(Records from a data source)
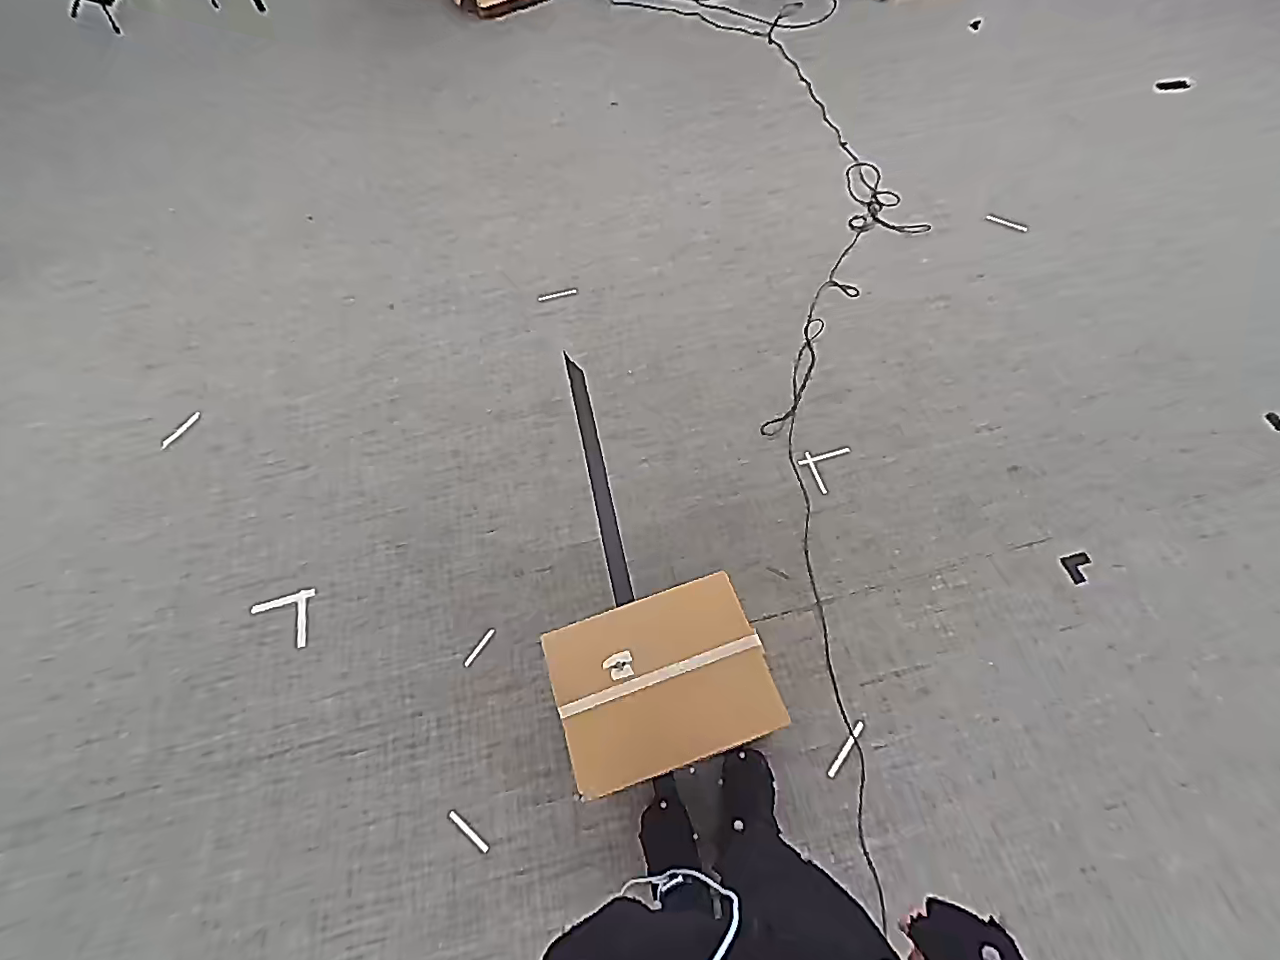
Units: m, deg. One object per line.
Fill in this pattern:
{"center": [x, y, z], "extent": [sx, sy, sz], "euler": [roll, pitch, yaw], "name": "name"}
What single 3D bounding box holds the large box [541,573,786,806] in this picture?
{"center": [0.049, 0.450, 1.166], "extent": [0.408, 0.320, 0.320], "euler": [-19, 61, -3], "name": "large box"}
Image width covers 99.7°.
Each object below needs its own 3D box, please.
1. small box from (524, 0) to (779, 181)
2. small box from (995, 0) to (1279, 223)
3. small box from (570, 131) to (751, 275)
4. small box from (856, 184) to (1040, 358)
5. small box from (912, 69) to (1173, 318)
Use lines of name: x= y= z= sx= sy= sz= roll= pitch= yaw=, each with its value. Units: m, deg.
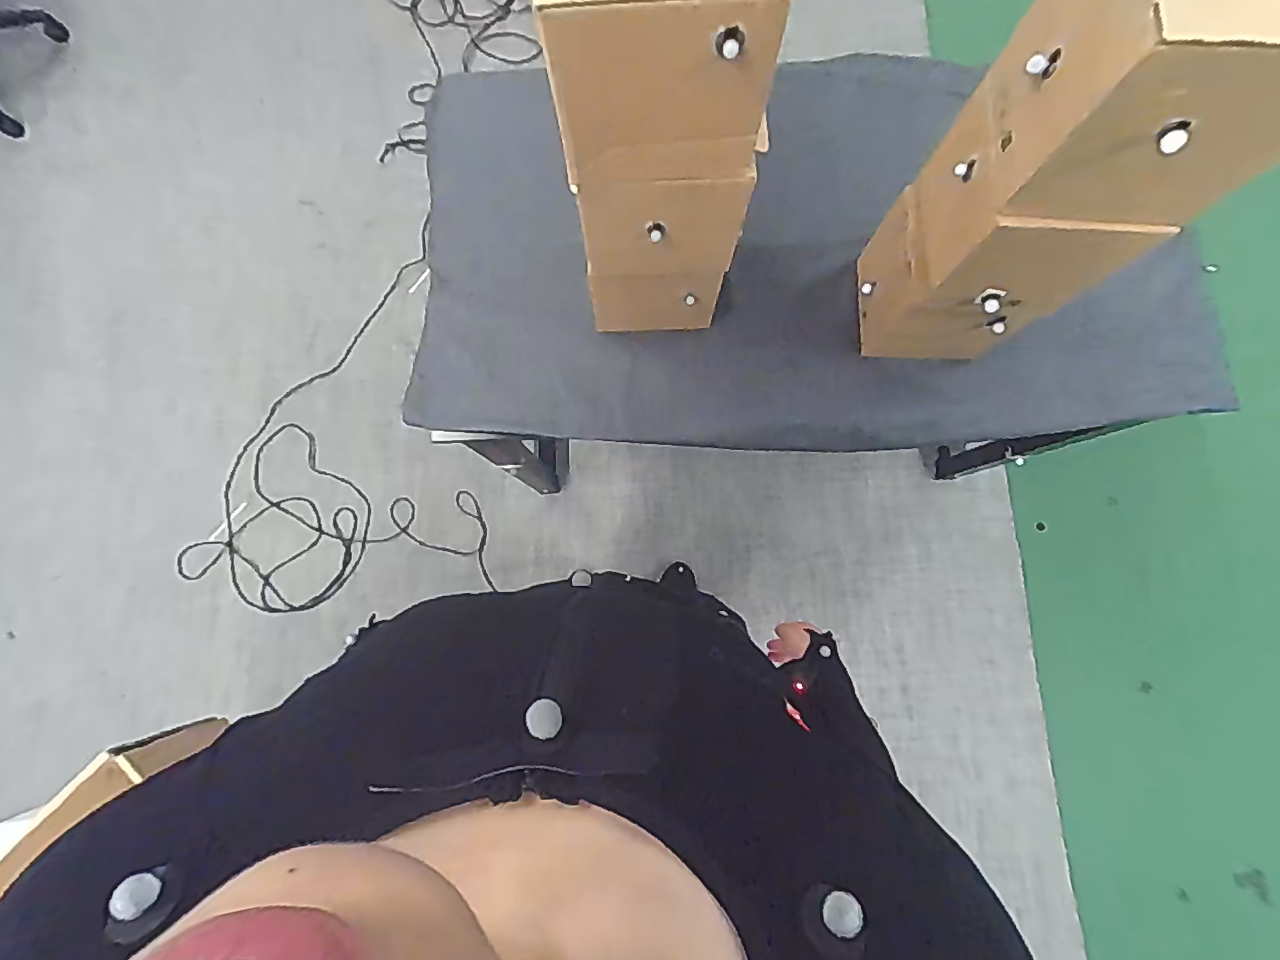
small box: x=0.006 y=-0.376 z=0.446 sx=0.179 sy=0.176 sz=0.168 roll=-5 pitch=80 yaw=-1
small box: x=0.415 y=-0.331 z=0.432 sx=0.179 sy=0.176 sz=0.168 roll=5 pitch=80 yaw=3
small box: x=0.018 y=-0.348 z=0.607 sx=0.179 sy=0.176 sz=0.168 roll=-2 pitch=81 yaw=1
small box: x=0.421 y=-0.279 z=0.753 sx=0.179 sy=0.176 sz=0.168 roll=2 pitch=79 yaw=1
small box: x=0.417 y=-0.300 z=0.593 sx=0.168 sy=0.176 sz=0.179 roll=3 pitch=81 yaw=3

-- Try it --
Omitting all pictures, restate word for word the lines from the one containing "1. small box from (524, 0) to (779, 181)" through the last line of the data.

-- Solved exercise --
1. small box from (524, 0) to (779, 181)
2. small box from (995, 0) to (1279, 223)
3. small box from (570, 131) to (751, 275)
4. small box from (856, 184) to (1040, 358)
5. small box from (912, 69) to (1173, 318)
Use lines of name: x= y= z= sx= sy= sz= roll= pitch= yaw=, each with its value. Units: m, deg.
small box: x=0.006 y=-0.376 z=0.446 sx=0.179 sy=0.176 sz=0.168 roll=-5 pitch=80 yaw=-1
small box: x=0.415 y=-0.331 z=0.432 sx=0.179 sy=0.176 sz=0.168 roll=5 pitch=80 yaw=3
small box: x=0.018 y=-0.348 z=0.607 sx=0.179 sy=0.176 sz=0.168 roll=-2 pitch=81 yaw=1
small box: x=0.421 y=-0.279 z=0.753 sx=0.179 sy=0.176 sz=0.168 roll=2 pitch=79 yaw=1
small box: x=0.417 y=-0.300 z=0.593 sx=0.168 sy=0.176 sz=0.179 roll=3 pitch=81 yaw=3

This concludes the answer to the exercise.